(Stored dataset items)
"""

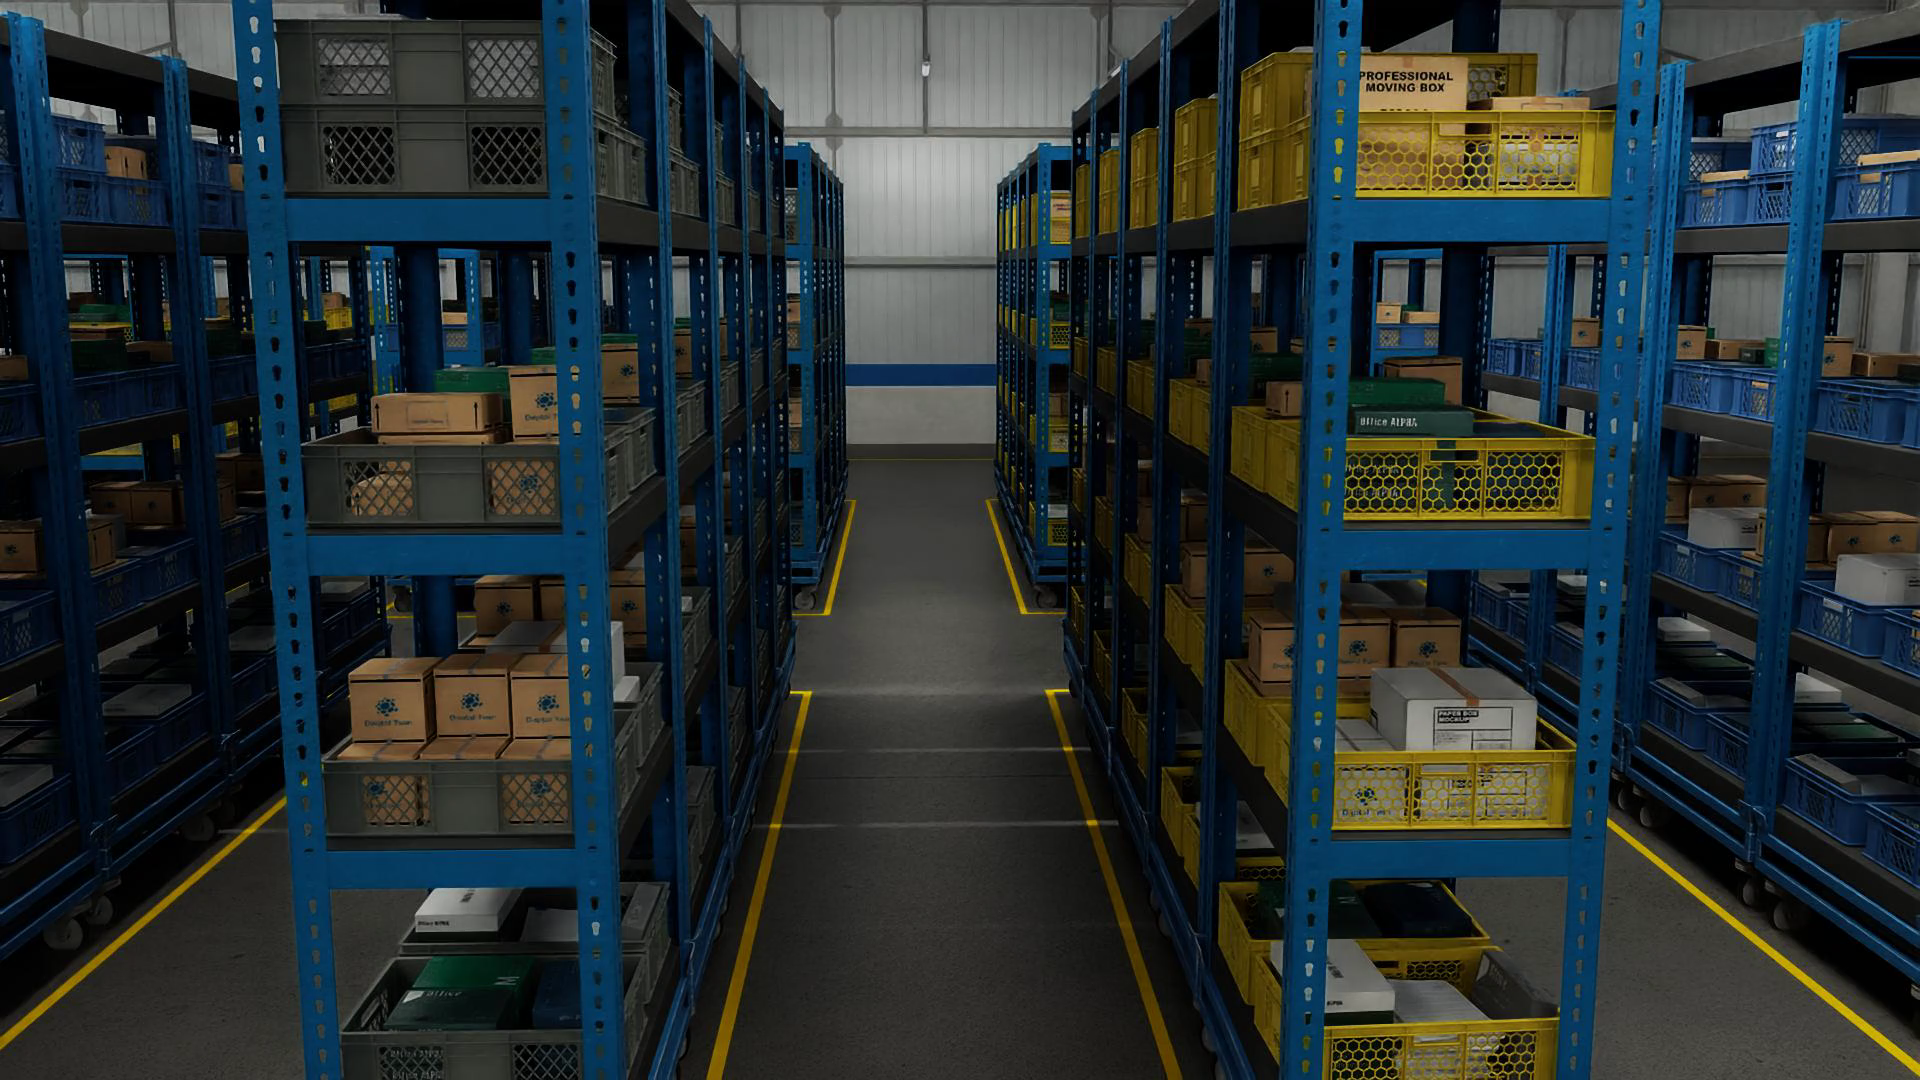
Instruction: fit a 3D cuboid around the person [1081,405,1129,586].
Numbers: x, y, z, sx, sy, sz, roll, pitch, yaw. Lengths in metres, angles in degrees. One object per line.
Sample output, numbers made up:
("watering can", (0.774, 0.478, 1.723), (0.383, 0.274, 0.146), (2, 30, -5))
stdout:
("person", (1.003, -0.165, 11.391), (0.427, 1.974, 0.621), (0, 9, 1))
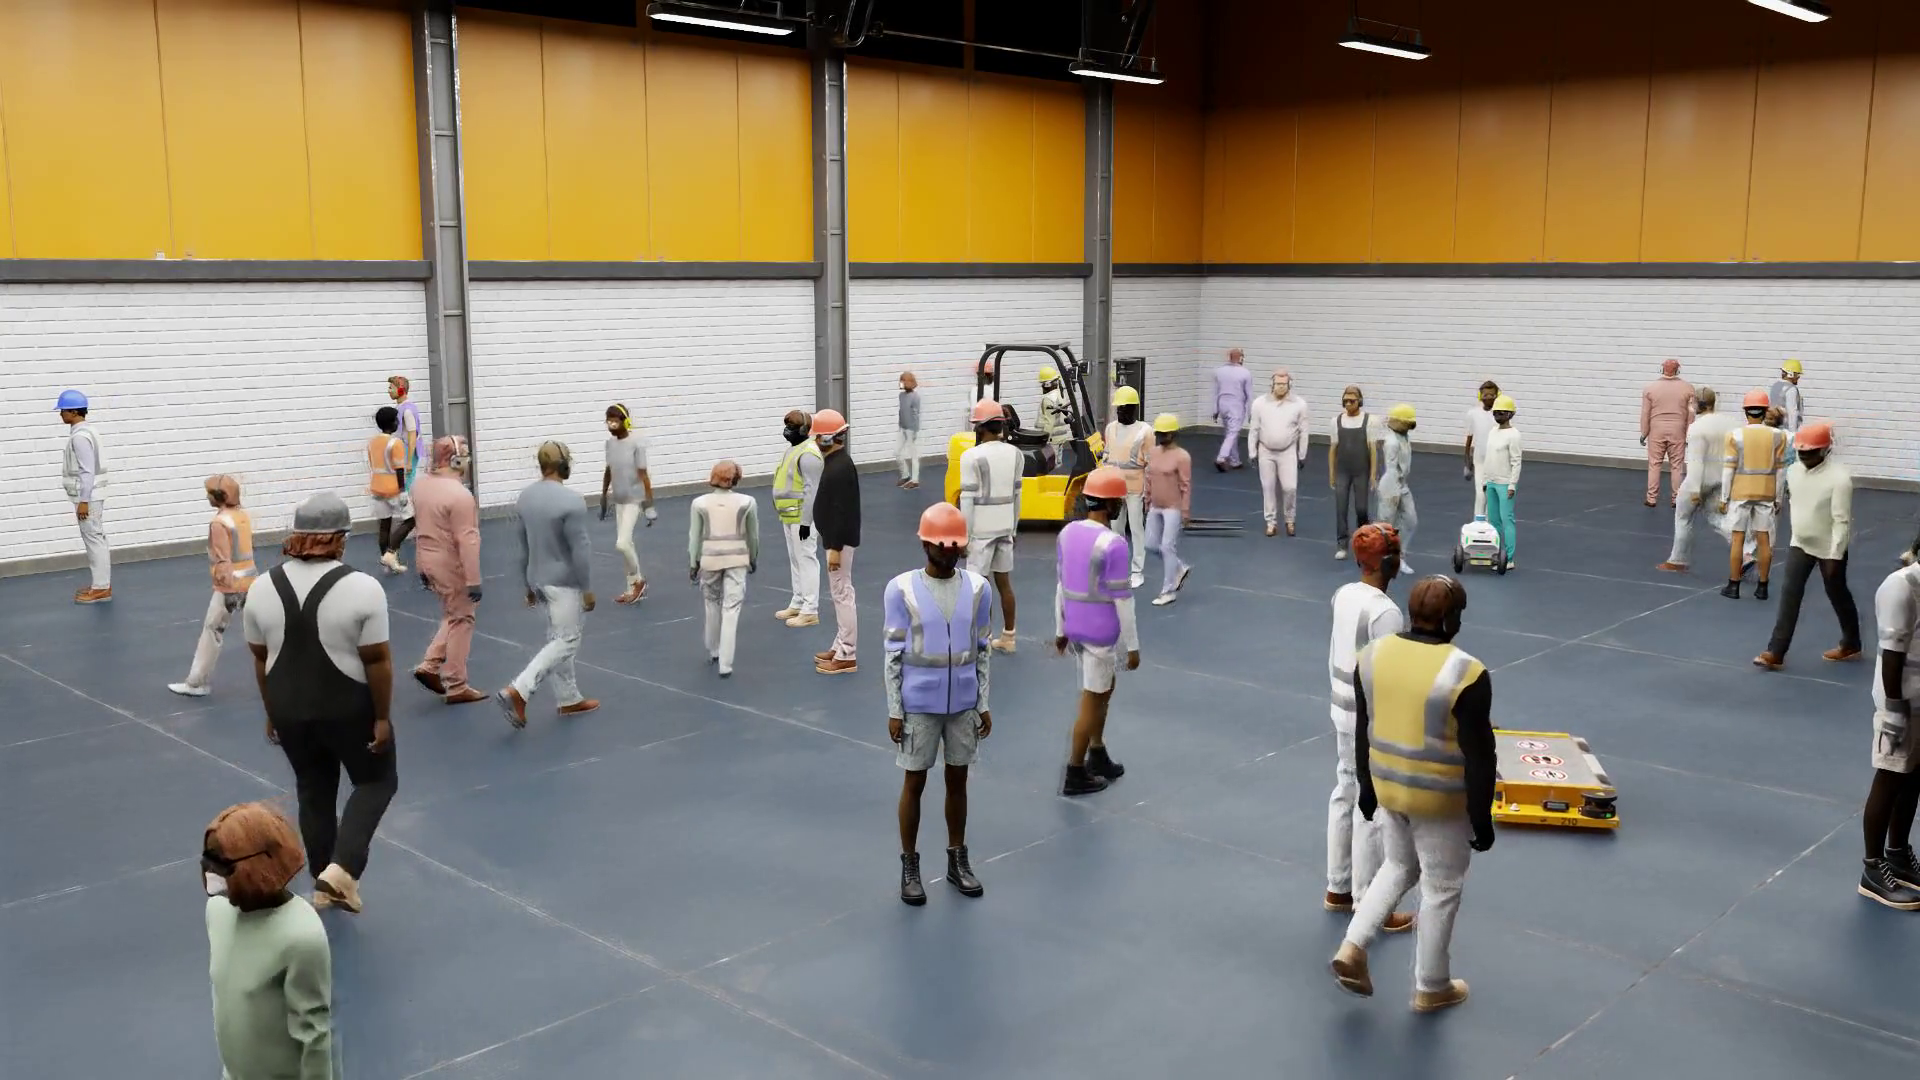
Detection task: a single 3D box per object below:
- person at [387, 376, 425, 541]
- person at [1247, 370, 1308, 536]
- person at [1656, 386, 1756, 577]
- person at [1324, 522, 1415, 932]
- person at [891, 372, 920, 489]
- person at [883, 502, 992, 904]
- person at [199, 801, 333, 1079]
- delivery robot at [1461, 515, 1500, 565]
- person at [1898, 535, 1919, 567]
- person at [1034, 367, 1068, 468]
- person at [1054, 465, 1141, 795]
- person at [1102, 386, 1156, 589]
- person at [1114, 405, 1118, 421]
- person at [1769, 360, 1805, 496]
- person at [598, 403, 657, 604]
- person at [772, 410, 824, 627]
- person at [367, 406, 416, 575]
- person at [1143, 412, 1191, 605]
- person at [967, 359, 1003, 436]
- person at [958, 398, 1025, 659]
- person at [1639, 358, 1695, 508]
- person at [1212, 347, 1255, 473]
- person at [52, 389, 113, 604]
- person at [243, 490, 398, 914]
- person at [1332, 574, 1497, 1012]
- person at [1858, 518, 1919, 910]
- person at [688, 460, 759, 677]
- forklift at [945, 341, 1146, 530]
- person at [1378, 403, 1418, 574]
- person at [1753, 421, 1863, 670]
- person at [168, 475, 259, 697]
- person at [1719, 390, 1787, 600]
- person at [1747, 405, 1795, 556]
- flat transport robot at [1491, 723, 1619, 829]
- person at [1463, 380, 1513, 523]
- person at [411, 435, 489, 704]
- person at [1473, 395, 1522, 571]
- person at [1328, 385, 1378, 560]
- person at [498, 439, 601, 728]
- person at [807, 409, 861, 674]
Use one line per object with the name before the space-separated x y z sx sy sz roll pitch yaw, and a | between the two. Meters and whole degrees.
person | -6.209 -0.920 18.660 0.377 1.844 0.570 -5 10 -28
person | 3.593 -0.974 18.850 0.657 1.891 0.466 3 10 16
person | 7.374 -0.559 16.332 0.626 1.897 0.958 -6 11 -32
person | 1.895 0.854 7.668 0.350 1.884 0.583 -2 9 -12
person | -0.750 -1.504 22.899 0.425 1.618 0.522 -6 11 -33
person | -0.093 0.774 7.994 0.544 1.938 0.356 -3 10 -20
person | -1.858 1.490 4.580 0.504 1.622 0.456 6 11 32
delivery robot | 5.240 -0.011 16.747 0.477 0.478 0.707 2 10 15
person | 9.756 -0.450 16.356 0.841 1.659 0.523 -1 9 -5
person | 1.123 -1.246 20.734 0.403 1.823 0.588 3 10 20
person | 0.853 0.519 9.626 0.672 1.911 0.566 -6 11 -32
person | 1.586 -0.504 15.856 0.586 1.928 0.369 8 12 41
person | 2.074 -1.370 21.688 0.578 1.750 0.538 2 10 13
person | 11.096 -1.509 22.347 0.403 1.822 0.588 0 9 -1
person | -2.990 -0.317 14.988 0.676 1.837 0.491 7 12 38
person | -1.382 -0.191 14.199 0.429 1.847 0.625 -3 10 -20
person | -5.625 -0.483 16.449 0.554 1.683 0.366 7 12 36
person | 1.908 -0.296 15.098 0.478 1.747 0.532 -7 12 -38
person | 0.251 -1.331 21.013 0.826 1.911 0.551 -8 12 -39
person | 0.218 -0.087 12.983 0.609 2.039 0.397 -8 12 -41
person | 9.001 -1.362 21.184 0.639 1.911 0.402 3 10 20
person | 4.065 -1.947 24.917 0.657 1.870 0.950 8 13 42
person | -7.973 -0.398 15.150 0.405 1.946 0.612 -4 10 -23
person | -2.950 0.760 7.762 0.685 2.000 0.637 1 9 6
person | 1.845 1.041 6.704 0.545 1.825 0.637 -6 11 -34
person | 4.594 0.767 7.969 0.601 1.960 0.373 -7 11 -35
person | -1.782 0.189 12.611 0.524 1.593 0.856 0 9 -2
forklift | 0.977 -1.223 19.452 2.313 2.155 1.214 2 9 11
person | 4.340 -0.500 16.442 0.513 1.724 0.507 7 11 35
person | 6.533 0.044 12.606 1.110 1.906 0.621 -4 10 -24
person | -5.158 0.328 11.785 0.880 1.590 0.539 0 9 0
person | 7.272 -0.412 15.296 0.542 1.929 0.374 2 9 11
person | 8.441 -0.598 17.373 0.510 1.621 0.414 8 12 39
flat transport robot | 3.339 1.340 9.621 0.652 0.197 1.431 2 9 11
person | 5.810 -0.850 18.289 0.515 1.834 0.916 2 9 10
person | -3.513 0.210 11.588 0.427 1.888 0.673 -9 13 -43
person | 5.447 -0.577 16.791 0.298 1.772 0.533 -3 10 -15
person | 4.132 -0.715 17.461 0.529 1.826 0.589 4 10 25
person | -2.736 0.296 10.991 0.629 1.920 0.801 8 12 40
person | -0.943 0.010 12.526 0.392 1.988 0.609 -1 9 -3

"""

(Task to carry out) From the entries above, give again exactly the lines running from the line with "- person at [52, 389, 113, 604]" to the line with "- person at [807, 409, 861, 674]"; include both of those lines.

(Result of this task)
- person at [52, 389, 113, 604]
- person at [243, 490, 398, 914]
- person at [1332, 574, 1497, 1012]
- person at [1858, 518, 1919, 910]
- person at [688, 460, 759, 677]
- forklift at [945, 341, 1146, 530]
- person at [1378, 403, 1418, 574]
- person at [1753, 421, 1863, 670]
- person at [168, 475, 259, 697]
- person at [1719, 390, 1787, 600]
- person at [1747, 405, 1795, 556]
- flat transport robot at [1491, 723, 1619, 829]
- person at [1463, 380, 1513, 523]
- person at [411, 435, 489, 704]
- person at [1473, 395, 1522, 571]
- person at [1328, 385, 1378, 560]
- person at [498, 439, 601, 728]
- person at [807, 409, 861, 674]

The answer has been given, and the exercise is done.